Every entry below needs to be repeated exactly as written.

Source records section start

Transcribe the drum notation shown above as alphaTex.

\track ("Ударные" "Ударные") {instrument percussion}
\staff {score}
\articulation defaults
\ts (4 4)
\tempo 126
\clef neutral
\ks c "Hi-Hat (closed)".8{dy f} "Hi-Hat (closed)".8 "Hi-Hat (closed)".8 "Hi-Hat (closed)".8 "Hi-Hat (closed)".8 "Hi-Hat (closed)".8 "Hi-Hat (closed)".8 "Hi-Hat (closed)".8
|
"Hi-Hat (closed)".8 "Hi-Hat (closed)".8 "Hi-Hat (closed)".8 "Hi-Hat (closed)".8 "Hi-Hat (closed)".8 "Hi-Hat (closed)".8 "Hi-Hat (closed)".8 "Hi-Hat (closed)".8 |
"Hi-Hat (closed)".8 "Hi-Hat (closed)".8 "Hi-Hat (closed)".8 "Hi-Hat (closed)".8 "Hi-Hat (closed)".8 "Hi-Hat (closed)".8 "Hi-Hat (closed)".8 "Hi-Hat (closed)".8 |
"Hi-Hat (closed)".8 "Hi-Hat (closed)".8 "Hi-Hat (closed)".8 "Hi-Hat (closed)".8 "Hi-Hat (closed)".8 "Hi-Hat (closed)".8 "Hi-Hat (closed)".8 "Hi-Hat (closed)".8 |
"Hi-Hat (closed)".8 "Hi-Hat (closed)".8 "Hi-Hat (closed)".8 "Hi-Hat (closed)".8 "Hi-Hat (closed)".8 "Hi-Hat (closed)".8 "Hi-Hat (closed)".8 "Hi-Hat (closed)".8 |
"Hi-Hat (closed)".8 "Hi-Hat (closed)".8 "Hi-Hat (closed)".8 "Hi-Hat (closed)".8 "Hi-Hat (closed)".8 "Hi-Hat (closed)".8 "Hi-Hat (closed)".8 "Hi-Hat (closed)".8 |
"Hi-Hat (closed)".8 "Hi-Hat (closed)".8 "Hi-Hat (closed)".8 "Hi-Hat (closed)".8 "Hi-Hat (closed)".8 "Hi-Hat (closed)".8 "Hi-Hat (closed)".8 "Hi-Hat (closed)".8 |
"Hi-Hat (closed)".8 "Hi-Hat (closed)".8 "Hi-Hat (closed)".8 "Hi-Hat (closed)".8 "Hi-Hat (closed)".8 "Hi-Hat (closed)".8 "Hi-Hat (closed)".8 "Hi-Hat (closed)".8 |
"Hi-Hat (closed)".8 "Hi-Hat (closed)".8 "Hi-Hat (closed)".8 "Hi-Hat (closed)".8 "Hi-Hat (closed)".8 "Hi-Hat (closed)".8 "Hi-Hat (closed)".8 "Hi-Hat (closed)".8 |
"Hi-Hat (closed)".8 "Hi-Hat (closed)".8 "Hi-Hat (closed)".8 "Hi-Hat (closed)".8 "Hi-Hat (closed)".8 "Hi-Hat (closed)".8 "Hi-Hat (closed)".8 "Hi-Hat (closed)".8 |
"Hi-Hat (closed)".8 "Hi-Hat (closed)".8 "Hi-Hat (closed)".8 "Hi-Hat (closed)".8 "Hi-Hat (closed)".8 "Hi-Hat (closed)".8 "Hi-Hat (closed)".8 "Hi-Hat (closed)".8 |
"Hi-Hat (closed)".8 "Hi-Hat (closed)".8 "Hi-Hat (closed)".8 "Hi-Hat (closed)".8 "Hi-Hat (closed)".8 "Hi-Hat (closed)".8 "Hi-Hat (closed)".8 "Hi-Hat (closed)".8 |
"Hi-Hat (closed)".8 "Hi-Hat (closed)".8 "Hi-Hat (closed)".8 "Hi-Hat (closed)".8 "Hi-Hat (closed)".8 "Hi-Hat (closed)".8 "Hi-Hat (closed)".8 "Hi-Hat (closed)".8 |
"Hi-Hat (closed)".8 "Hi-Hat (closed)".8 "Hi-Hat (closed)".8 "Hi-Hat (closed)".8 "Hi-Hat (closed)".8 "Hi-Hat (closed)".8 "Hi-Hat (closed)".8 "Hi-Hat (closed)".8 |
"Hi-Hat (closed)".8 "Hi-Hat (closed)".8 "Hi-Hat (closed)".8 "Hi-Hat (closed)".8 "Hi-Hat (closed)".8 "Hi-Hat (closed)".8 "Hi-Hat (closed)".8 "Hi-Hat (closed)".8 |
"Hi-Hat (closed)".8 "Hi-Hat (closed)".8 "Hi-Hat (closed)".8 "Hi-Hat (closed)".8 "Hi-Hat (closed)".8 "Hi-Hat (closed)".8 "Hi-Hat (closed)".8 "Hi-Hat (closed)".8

Source records section end

- _Solution for this problem_
Transcribe the drum notation shown above as alphaTex.

\track ("Ударные" "Ударные") {instrument percussion}
\staff {score}
\articulation defaults
\ts (4 4)
\tempo 126
\clef neutral
\ks c "Hi-Hat (closed)".8{dy f} "Hi-Hat (closed)".8 "Hi-Hat (closed)".8 "Hi-Hat (closed)".8 "Hi-Hat (closed)".8 "Hi-Hat (closed)".8 "Hi-Hat (closed)".8 "Hi-Hat (closed)".8
|
"Hi-Hat (closed)".8 "Hi-Hat (closed)".8 "Hi-Hat (closed)".8 "Hi-Hat (closed)".8 "Hi-Hat (closed)".8 "Hi-Hat (closed)".8 "Hi-Hat (closed)".8 "Hi-Hat (closed)".8 |
"Hi-Hat (closed)".8 "Hi-Hat (closed)".8 "Hi-Hat (closed)".8 "Hi-Hat (closed)".8 "Hi-Hat (closed)".8 "Hi-Hat (closed)".8 "Hi-Hat (closed)".8 "Hi-Hat (closed)".8 |
"Hi-Hat (closed)".8 "Hi-Hat (closed)".8 "Hi-Hat (closed)".8 "Hi-Hat (closed)".8 "Hi-Hat (closed)".8 "Hi-Hat (closed)".8 "Hi-Hat (closed)".8 "Hi-Hat (closed)".8 |
"Hi-Hat (closed)".8 "Hi-Hat (closed)".8 "Hi-Hat (closed)".8 "Hi-Hat (closed)".8 "Hi-Hat (closed)".8 "Hi-Hat (closed)".8 "Hi-Hat (closed)".8 "Hi-Hat (closed)".8 |
"Hi-Hat (closed)".8 "Hi-Hat (closed)".8 "Hi-Hat (closed)".8 "Hi-Hat (closed)".8 "Hi-Hat (closed)".8 "Hi-Hat (closed)".8 "Hi-Hat (closed)".8 "Hi-Hat (closed)".8 |
"Hi-Hat (closed)".8 "Hi-Hat (closed)".8 "Hi-Hat (closed)".8 "Hi-Hat (closed)".8 "Hi-Hat (closed)".8 "Hi-Hat (closed)".8 "Hi-Hat (closed)".8 "Hi-Hat (closed)".8 |
"Hi-Hat (closed)".8 "Hi-Hat (closed)".8 "Hi-Hat (closed)".8 "Hi-Hat (closed)".8 "Hi-Hat (closed)".8 "Hi-Hat (closed)".8 "Hi-Hat (closed)".8 "Hi-Hat (closed)".8 |
"Hi-Hat (closed)".8 "Hi-Hat (closed)".8 "Hi-Hat (closed)".8 "Hi-Hat (closed)".8 "Hi-Hat (closed)".8 "Hi-Hat (closed)".8 "Hi-Hat (closed)".8 "Hi-Hat (closed)".8 |
"Hi-Hat (closed)".8 "Hi-Hat (closed)".8 "Hi-Hat (closed)".8 "Hi-Hat (closed)".8 "Hi-Hat (closed)".8 "Hi-Hat (closed)".8 "Hi-Hat (closed)".8 "Hi-Hat (closed)".8 |
"Hi-Hat (closed)".8 "Hi-Hat (closed)".8 "Hi-Hat (closed)".8 "Hi-Hat (closed)".8 "Hi-Hat (closed)".8 "Hi-Hat (closed)".8 "Hi-Hat (closed)".8 "Hi-Hat (closed)".8 |
"Hi-Hat (closed)".8 "Hi-Hat (closed)".8 "Hi-Hat (closed)".8 "Hi-Hat (closed)".8 "Hi-Hat (closed)".8 "Hi-Hat (closed)".8 "Hi-Hat (closed)".8 "Hi-Hat (closed)".8 |
"Hi-Hat (closed)".8 "Hi-Hat (closed)".8 "Hi-Hat (closed)".8 "Hi-Hat (closed)".8 "Hi-Hat (closed)".8 "Hi-Hat (closed)".8 "Hi-Hat (closed)".8 "Hi-Hat (closed)".8 |
"Hi-Hat (closed)".8 "Hi-Hat (closed)".8 "Hi-Hat (closed)".8 "Hi-Hat (closed)".8 "Hi-Hat (closed)".8 "Hi-Hat (closed)".8 "Hi-Hat (closed)".8 "Hi-Hat (closed)".8 |
"Hi-Hat (closed)".8 "Hi-Hat (closed)".8 "Hi-Hat (closed)".8 "Hi-Hat (closed)".8 "Hi-Hat (closed)".8 "Hi-Hat (closed)".8 "Hi-Hat (closed)".8 "Hi-Hat (closed)".8 |
"Hi-Hat (closed)".8 "Hi-Hat (closed)".8 "Hi-Hat (closed)".8 "Hi-Hat (closed)".8 "Hi-Hat (closed)".8 "Hi-Hat (closed)".8 "Hi-Hat (closed)".8 "Hi-Hat (closed)".8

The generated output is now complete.